The structure of (IV) is shown in Fig. 1. The space group for this chiral structure is P212121. However, (IV) was racemic when prepared by polarimetric analysis as well as by 1H NMR shift analysis in the presence of a chiral amine. Thus, either the crystal used is the result of spontaneous resolution which produced a mechanical mixture of pure enantiomers (a `conglomerate'; Jacques et al., 1981), or it is an inversion twin (Flack & Bernardinelli, 1999). The latter choice is the more common but we cannot be sure, since the Flack parameter cannot discriminate in this case (Flack & Bernardinelli, 2000).
Fig. 1 shows the trans orientation of the C2 methyl group with respect to the C3 ethyl group, indicating that antihydrogenation of the double bond has occurred in converting (II) to (III), which is also responsible for the cis orientation of the C1 carboxyl group with respect to the C2 methyl group, likewise clearly exhibited. The stereochemistry of ester (III) is the same as that of its carboxylic acid, (IV), as ascertained from their virtually identical 1H and 13C NMR spectra, the only differences being the resonances of their different carboxyl groups.
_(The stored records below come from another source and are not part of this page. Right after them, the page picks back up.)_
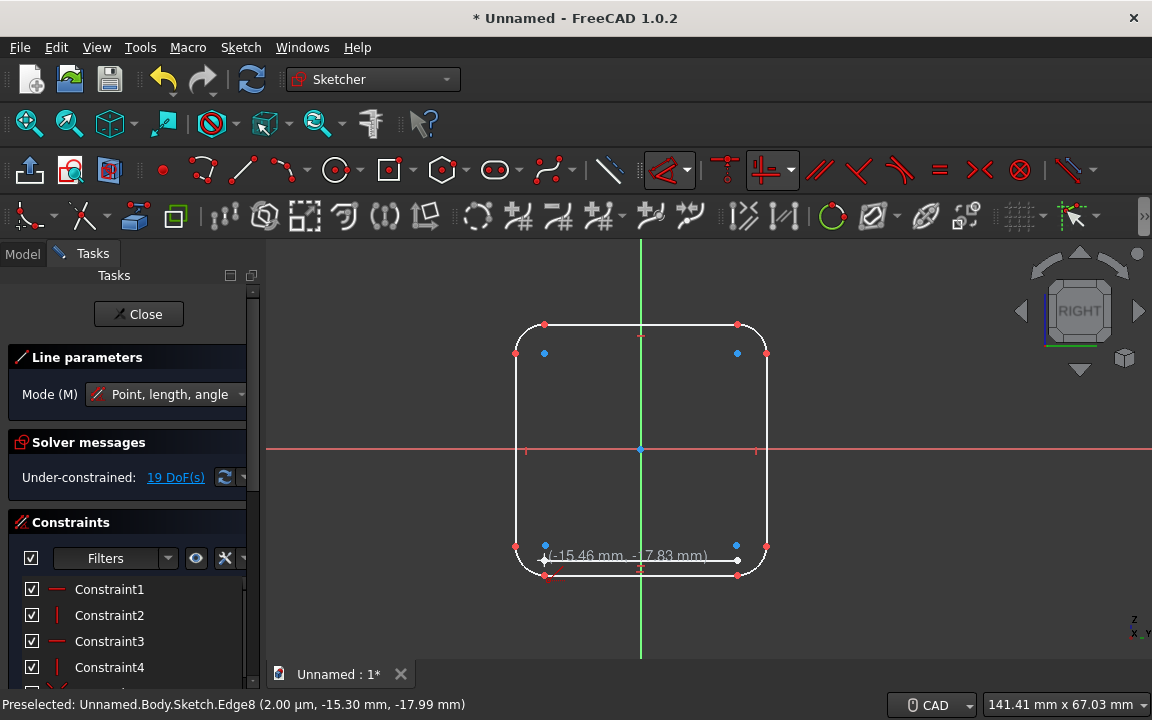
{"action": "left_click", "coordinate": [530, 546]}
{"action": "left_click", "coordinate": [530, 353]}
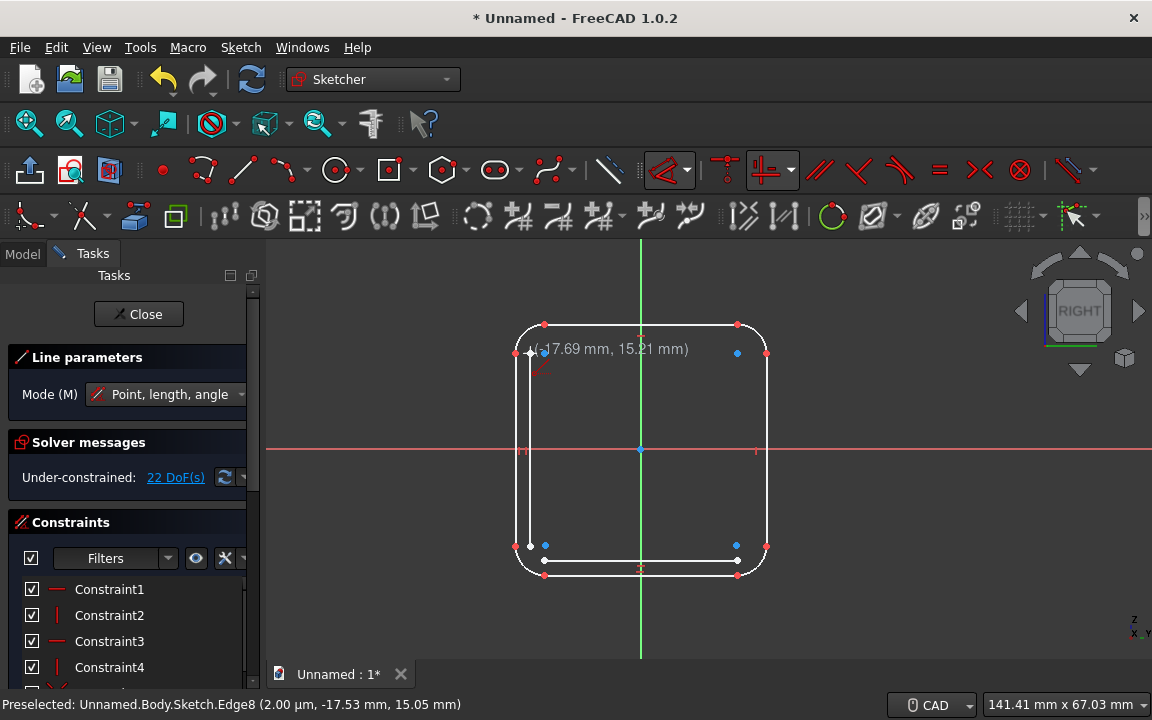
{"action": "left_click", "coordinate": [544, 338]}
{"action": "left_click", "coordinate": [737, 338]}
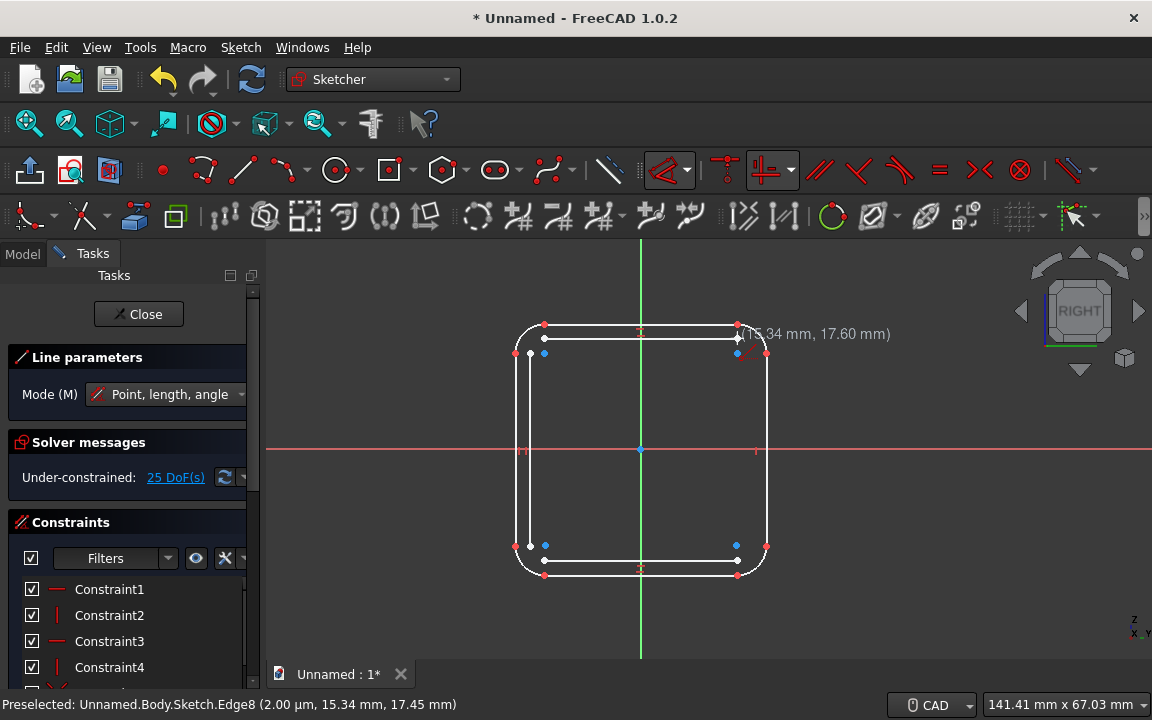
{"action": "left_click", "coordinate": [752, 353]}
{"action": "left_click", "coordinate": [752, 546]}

The Crenshaw report provided no geometric characterization for their ester (III). In the absence of an unforseen isomerization, it is reasonable to believe that their Grignard reaction at the carbonyl group of (III), followed by acidification, dehydration to form the C3═C4 double bond, and ester hydrolysis, would provide estrogenic carboxylic acid (V) without altering the cis orientation of the C1 carboxyl group with respect to the C2 methyl group. However, on the basis of the NMR H1—H2 coupling constant exhibited by (V), they reported a trans orientation for the C1 carboxyl with respect to the C2 methyl. No X-ray crystal-structure analysis was reported. In the light of these results and the importance of correlating biological activity with compound structure, X-ray characterization of crystalline (V) is warranted so that the structure can be correlated with its uterotropic activity and receptor-binding affinity.
Fig. 1 also shows that (IV) has the chair conformation, in which the C1 carboxyl group is axial and the C2 methyl group equatorial, providing the cis configurations of these groups, while the C3 ethyl group is also equatorial, making it trans to both of these groups. Thus, the C6—C1—C2—C8 torsion angle subtended by the C2 methyl group with the ring is essentially linear [-179.0 (2)°], while the C1—C2—C3—C9 torsion angle subtended by the C3 ethyl group with the ring is somewhat less than linear [171.5 (2)°].
Bond distances and angles of interest are given in Table 1. It is noted that, while the angle subtended by the ring with all but one of the substituents is between 109.6 (2) and 111.8 (2)°, that involving the C3 ethyl group, C2—C3—C9, is 114.0 (2)°, suggesting a steric repulsion between this equatorial group and the vicinal equatorial C2 methyl group.
The molecular packing (Fig. 2) shows that the molecules of (IV) form infinite one-dimensional chains parallel to the b axis via intermolecular hydrogen bonding between the carbonyl O atom and the carboxyl H atom. Table 2 lists the hydrogen-bond geometry.